Wednesday, July 28, 2010

REVIEW: Child 44, by Tom Rob Smith

Child 44, by Tom Rob Smith. Published 2008 by Grand Central Publishing. Fiction. Crime Fiction.

I pounced on a hardcover copy of Child 44 as soon as I laid eyes on it; between my interest in books about Russia and the fact that it was nominated for the Man Booker Prize, it seemed like a great fit. And it's a thriller, and I love a good thriller.

I was half right.

Long on plot and style, Child 44 is a great pageturner about a series of murders in the 1950s Soviet Union. The setting is richly detailed and immersing, and the hero, Leo Demidov, is a Stalinist true believer who finds his faith in the system in which he's deeply invested shaken after the bizarre murders of several children. He's a respected security officer with a beautiful wife, but no one is ever secure in this world, and today's favorite is tomorrow's traitor. His deputy is gunning for him, fellow officers mistrust him and soon everything depends on his ability to prove that these murders are related and compel his superiors to act.

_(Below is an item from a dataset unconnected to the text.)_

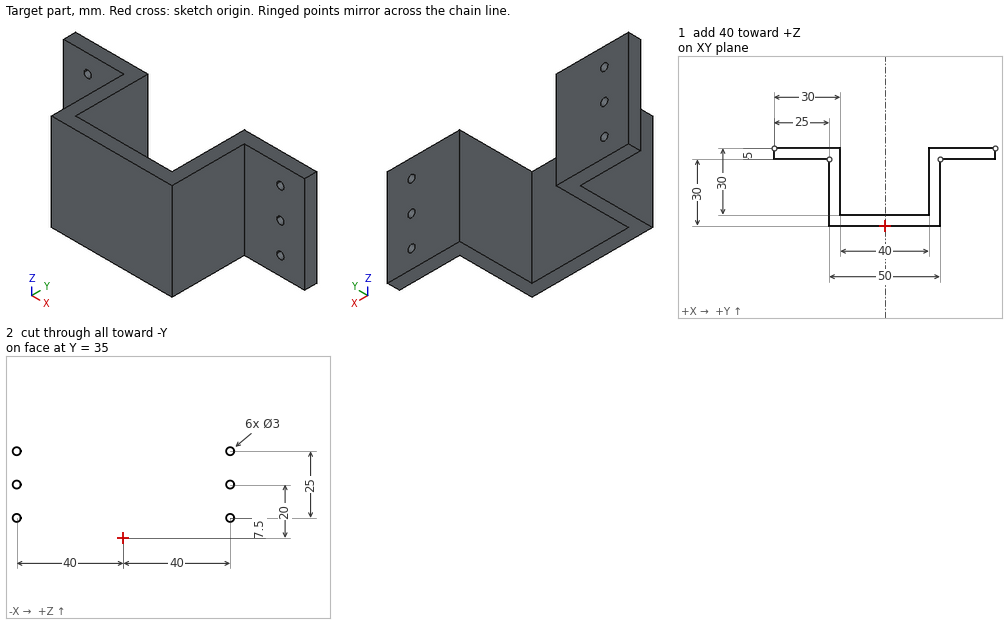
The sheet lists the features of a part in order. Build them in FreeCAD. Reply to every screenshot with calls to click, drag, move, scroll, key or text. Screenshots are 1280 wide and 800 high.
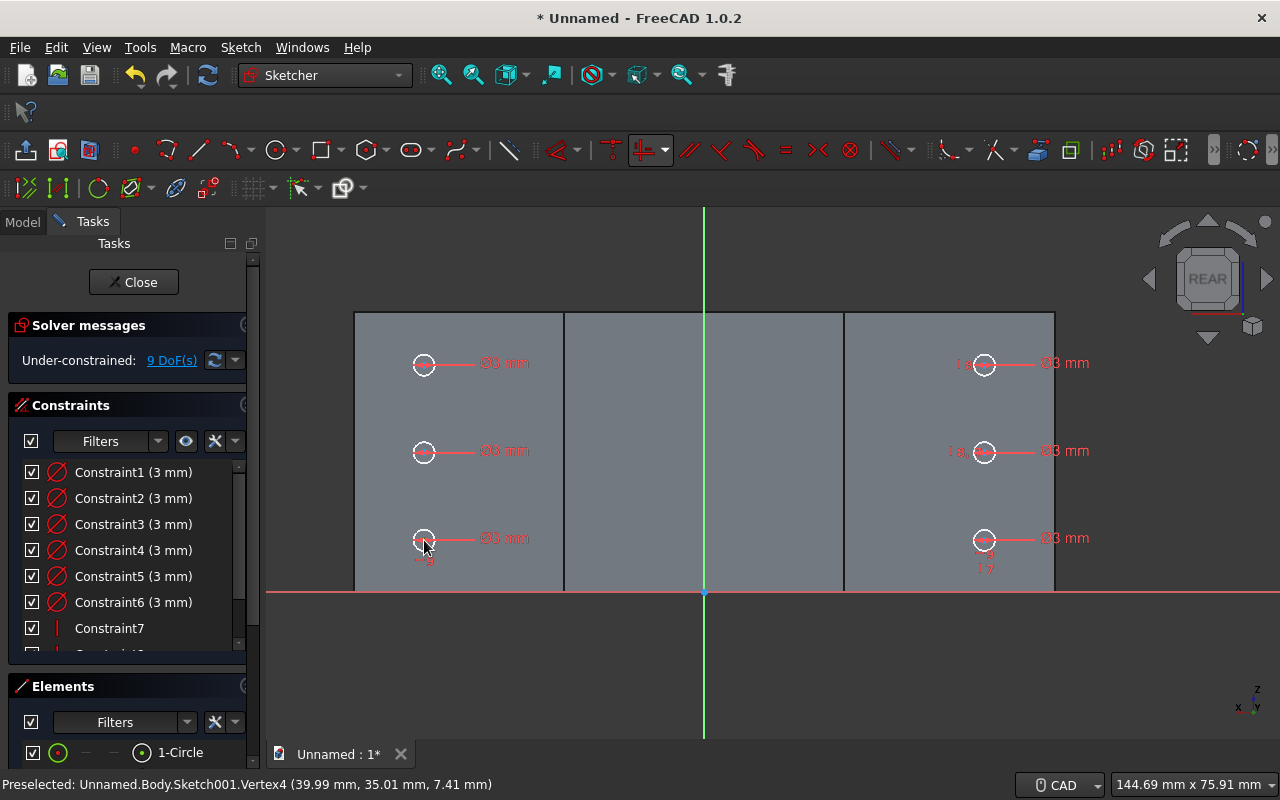
click(424, 453)

The emphasis here is definitely on the story and the setting. I enjoyed the fast pace of the plot and the twists and turns, and I love how much research Smith did on the Soviet criminal system and political and social culture. His writing is top-notch and he creates a riveting, scary and fascinatingly foreign world where losing favor with the boss means affecting the fate of one's whole family, and where rumors and innuendo can snuff out a life as easily as flicking a light switch. I liked the characters, especially Leo and his wife Raisa, but I wish that Smith had developed them more and given them a little more room to breathe. I didn't really buy the big transition in their relationship that occurs about three quarters of the way through, probably because I wasn't really sold on their relationship in the first place.

The one thing that really disappointed me, and what keeps me from recommending it without reservation, is the ending, which was far too convenient and dependent on coincidence. Of all the gin joints in all the world... yeah. And the backstory that explains it all didn't work for me, either. But you know what? Other than that, it's a fabulous read and I'd recommend it for thriller readers, for literary readers looking for something compelling for the beach bag and for readers interested in Russia for the cultural side of the story. That should cover a lot of readers!


FTC Disclosure: I did not receive this book for review.